Since my midteens, I have sought heartfelt friendships rather than romantic ones. Older relatives of mine, aunts and uncles, deem this a wise choice, especially the prudish ones who insist there’s still time. I’m still in college, but for me, it’s not about maturity but the widespread assumption that everyone is better off in an exclusive, romantic relationship.
I don’t think singleness should carry a stigma. If anything, romantic love should be more stigmatized. While falling in love sounds rosy to me, especially love at first sight, I deem it an implausible bliss, an ill-fated heat. Though beautiful and impassioned when alive, love stings when it withers, and so romantic relationships and marriages are to me, at best, a congratulatory knot, but not an achievement or a guarantee of fulfillment.
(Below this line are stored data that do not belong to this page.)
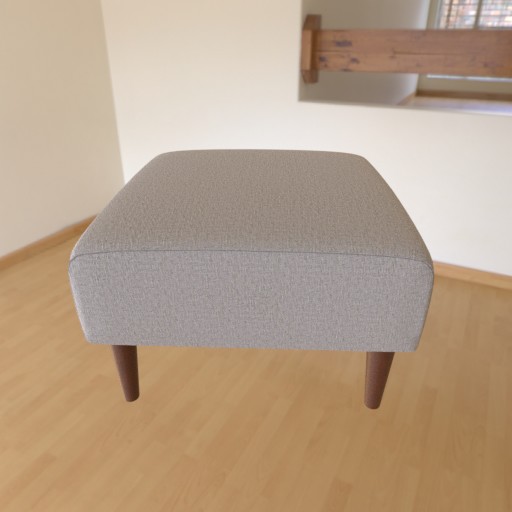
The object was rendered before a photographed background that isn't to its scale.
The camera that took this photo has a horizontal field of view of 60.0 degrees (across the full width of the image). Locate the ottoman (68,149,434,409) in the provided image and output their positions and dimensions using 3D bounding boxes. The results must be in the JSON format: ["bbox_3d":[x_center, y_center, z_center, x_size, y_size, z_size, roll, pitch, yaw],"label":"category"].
[{"bbox_3d":[0.000,0.000,1.086,0.648,0.399,0.655,1,27,2],"label":"ottoman"}]
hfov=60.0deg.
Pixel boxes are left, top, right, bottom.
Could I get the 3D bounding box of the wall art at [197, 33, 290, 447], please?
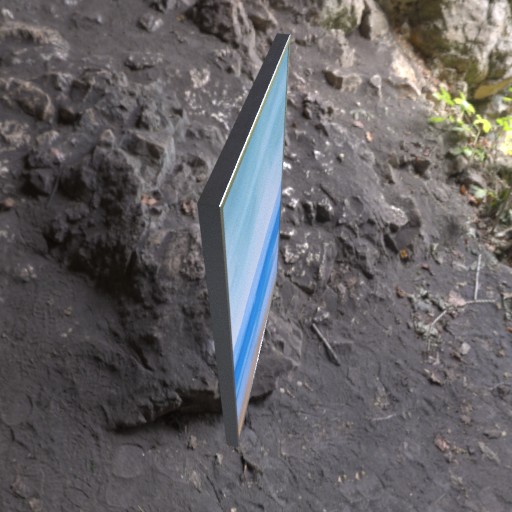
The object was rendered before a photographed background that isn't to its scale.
[{"bbox_3d":[0.000,0.000,1.409,0.041,1.062,0.803,8,47,8],"label":"wall art"}]
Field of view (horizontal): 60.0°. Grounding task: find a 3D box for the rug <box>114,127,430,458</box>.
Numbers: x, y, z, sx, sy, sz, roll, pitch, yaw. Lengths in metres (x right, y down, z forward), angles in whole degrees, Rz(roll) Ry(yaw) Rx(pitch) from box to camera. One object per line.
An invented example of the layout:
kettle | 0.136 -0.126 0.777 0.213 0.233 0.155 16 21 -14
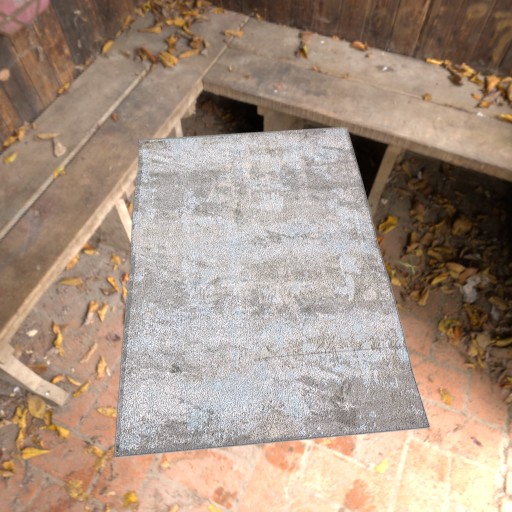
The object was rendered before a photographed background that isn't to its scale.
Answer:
rug | 0.000 0.000 4.188 2.393 0.013 3.307 -4 58 -3

The most emotionally fulfilling relationship I have ever had was with a male best friend. All my secrets were in his heart, and his in mine. What we had wasn’t romance, wasn’t sexual. He was closer than a brother and talented, precious. It scared me then, the surge of attention, the lingering affection, the sheltering we gave each other, the warmth that existed between us before distance stole it. Yet we truly cared for each other, and that was love.
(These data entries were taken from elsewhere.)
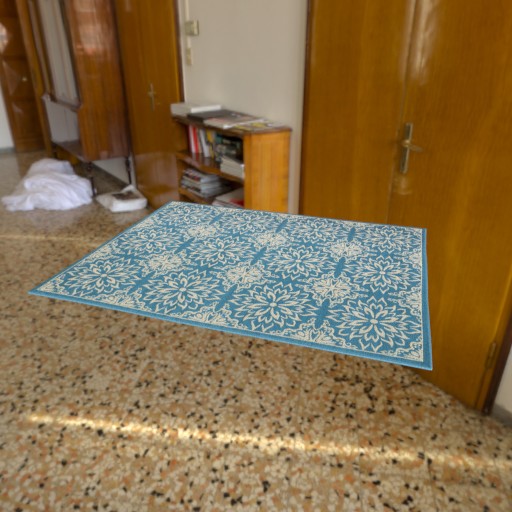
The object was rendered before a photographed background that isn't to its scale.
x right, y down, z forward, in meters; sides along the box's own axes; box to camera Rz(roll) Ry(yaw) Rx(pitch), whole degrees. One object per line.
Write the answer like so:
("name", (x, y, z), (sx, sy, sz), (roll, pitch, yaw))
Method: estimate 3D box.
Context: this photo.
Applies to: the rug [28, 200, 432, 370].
("rug", (0.000, 0.000, 4.024), (2.964, 0.018, 2.350), (8, 27, 16))
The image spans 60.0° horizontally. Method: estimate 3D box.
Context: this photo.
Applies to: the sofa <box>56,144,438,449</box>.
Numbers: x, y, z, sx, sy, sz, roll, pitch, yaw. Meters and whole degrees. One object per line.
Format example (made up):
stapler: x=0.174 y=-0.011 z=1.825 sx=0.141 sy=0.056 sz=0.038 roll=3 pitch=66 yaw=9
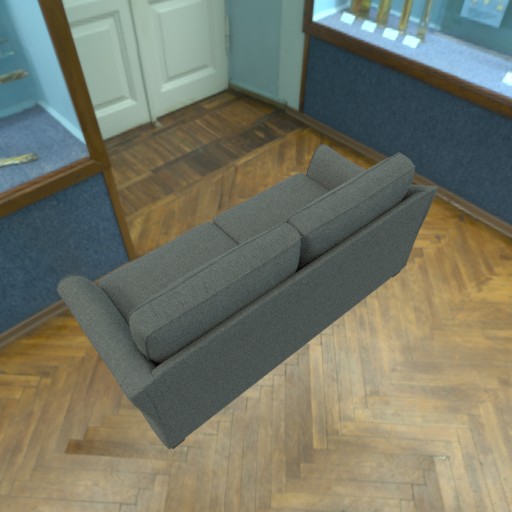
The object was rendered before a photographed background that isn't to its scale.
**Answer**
sofa: x=0.000 y=0.000 z=2.797 sx=2.203 sy=0.976 sz=1.013 roll=-32 pitch=55 yaw=-26
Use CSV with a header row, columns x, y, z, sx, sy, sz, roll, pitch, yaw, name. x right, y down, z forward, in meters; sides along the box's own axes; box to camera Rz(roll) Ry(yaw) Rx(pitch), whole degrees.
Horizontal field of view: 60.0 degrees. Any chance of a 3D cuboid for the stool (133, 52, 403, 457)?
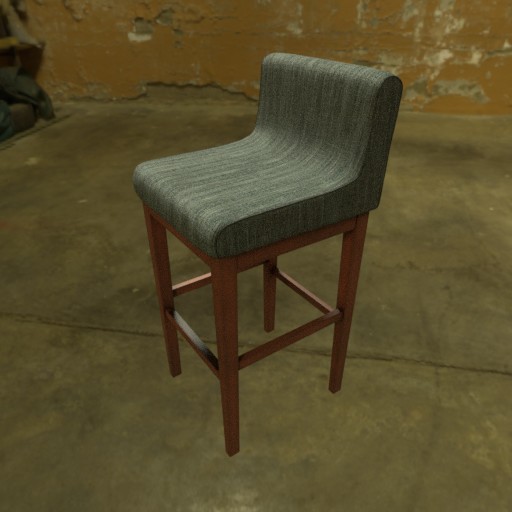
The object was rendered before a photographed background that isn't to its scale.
x,y,z,sx,sy,sz,roll,pitch,yaw,name
0.000,0.000,1.217,0.499,0.965,0.426,-20,37,-29,stool
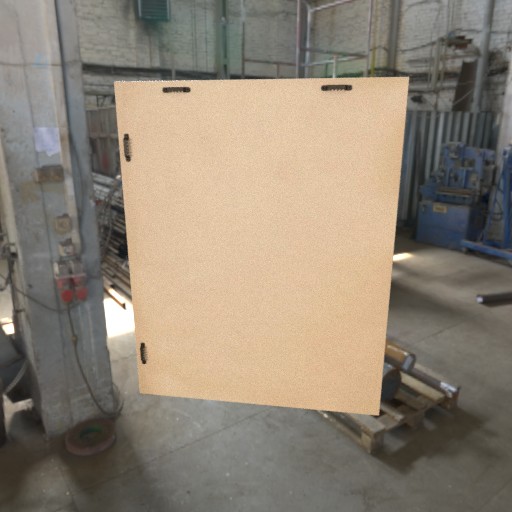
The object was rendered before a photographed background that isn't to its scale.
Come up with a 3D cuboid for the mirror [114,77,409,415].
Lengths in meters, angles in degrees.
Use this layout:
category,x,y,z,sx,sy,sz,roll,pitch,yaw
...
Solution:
category,x,y,z,sx,sy,sz,roll,pitch,yaw
mirror,0.000,0.000,0.686,0.405,0.508,0.041,2,16,8
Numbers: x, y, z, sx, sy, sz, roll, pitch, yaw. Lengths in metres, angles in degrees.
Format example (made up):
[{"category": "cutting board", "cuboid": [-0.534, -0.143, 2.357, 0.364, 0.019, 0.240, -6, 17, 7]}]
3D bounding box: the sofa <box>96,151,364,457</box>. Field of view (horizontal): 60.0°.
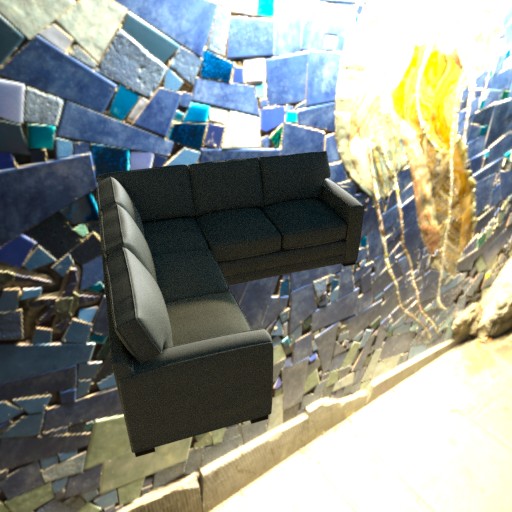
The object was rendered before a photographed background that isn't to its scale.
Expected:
[{"category": "sofa", "cuboid": [0.000, 0.000, 3.381, 2.211, 0.936, 2.188, -10, 32, -17]}]
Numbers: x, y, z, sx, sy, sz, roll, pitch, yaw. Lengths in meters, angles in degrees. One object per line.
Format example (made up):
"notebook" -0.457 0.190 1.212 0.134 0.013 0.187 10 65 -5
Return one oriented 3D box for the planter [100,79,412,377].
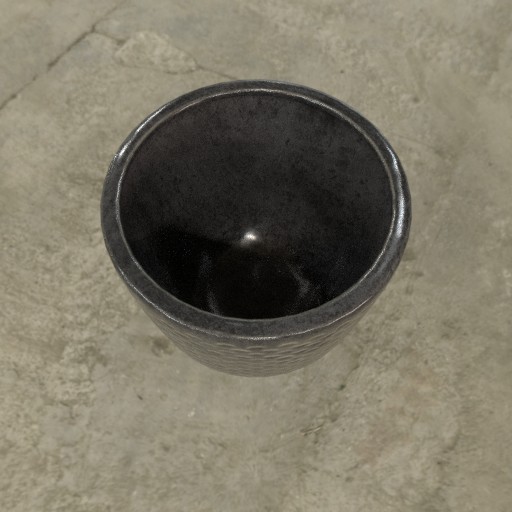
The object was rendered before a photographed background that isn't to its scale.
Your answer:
"planter" 0.000 0.000 0.362 0.197 0.191 0.197 0 63 0

With him, I did not see a need to date anyone for more love. It would be nothing but fickle infatuation, a play that wouldn’t match the bond he and I shared. When I told him about the anonymous letter writer, he joked that it would take years before I asked a girl out and that I might fumble trying to woo her.
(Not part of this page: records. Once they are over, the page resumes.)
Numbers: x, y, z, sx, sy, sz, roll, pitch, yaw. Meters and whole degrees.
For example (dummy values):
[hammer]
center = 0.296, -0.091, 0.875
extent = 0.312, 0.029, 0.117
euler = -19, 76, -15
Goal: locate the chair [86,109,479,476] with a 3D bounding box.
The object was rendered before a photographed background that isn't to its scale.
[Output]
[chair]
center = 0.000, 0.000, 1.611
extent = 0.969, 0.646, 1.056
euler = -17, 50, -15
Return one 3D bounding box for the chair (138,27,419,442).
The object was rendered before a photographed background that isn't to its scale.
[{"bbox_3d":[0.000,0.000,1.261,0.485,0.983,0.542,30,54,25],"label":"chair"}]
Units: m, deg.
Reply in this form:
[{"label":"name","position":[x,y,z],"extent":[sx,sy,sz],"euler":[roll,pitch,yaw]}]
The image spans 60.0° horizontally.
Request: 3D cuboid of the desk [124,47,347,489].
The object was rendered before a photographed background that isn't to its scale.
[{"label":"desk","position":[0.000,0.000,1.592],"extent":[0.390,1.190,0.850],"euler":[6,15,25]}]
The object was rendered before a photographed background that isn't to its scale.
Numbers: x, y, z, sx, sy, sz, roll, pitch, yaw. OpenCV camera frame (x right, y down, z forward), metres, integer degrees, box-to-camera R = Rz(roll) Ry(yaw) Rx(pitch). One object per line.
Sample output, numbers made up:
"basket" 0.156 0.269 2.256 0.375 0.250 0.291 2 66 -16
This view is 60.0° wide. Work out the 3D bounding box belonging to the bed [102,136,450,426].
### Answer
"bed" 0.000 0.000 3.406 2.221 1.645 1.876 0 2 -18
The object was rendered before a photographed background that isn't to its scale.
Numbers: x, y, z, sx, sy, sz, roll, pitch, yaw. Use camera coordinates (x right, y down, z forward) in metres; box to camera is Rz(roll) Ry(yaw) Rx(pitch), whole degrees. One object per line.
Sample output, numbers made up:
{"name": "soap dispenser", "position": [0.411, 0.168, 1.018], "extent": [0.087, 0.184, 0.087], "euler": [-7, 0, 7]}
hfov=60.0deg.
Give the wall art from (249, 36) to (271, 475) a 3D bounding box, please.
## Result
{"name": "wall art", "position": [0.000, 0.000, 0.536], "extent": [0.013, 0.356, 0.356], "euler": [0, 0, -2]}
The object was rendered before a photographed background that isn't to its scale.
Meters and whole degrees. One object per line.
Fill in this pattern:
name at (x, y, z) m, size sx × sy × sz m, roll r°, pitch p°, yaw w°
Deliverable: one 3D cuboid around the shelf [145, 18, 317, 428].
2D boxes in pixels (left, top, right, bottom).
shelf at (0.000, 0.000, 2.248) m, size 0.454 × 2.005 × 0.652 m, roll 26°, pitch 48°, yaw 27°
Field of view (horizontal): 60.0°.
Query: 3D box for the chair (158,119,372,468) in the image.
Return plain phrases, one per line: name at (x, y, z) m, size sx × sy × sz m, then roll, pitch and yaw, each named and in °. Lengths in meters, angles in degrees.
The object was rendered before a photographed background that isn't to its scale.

I laughed. What I loved most about my friendship with him was the innocence, the honesty. In many of my other male-to-male friendships, I felt pressured to act less vulnerable and more tough and detached. With him, I was free, though I sometimes suppressed the expression of it, the same way I did with my mother. Once, I fantasized about pecking him the way my mother did to me, but I couldn’t do it. I rarely called him a best friend, but in my heart, he was. One day, I told him I “low-key” missed him, and he questioned the low-key.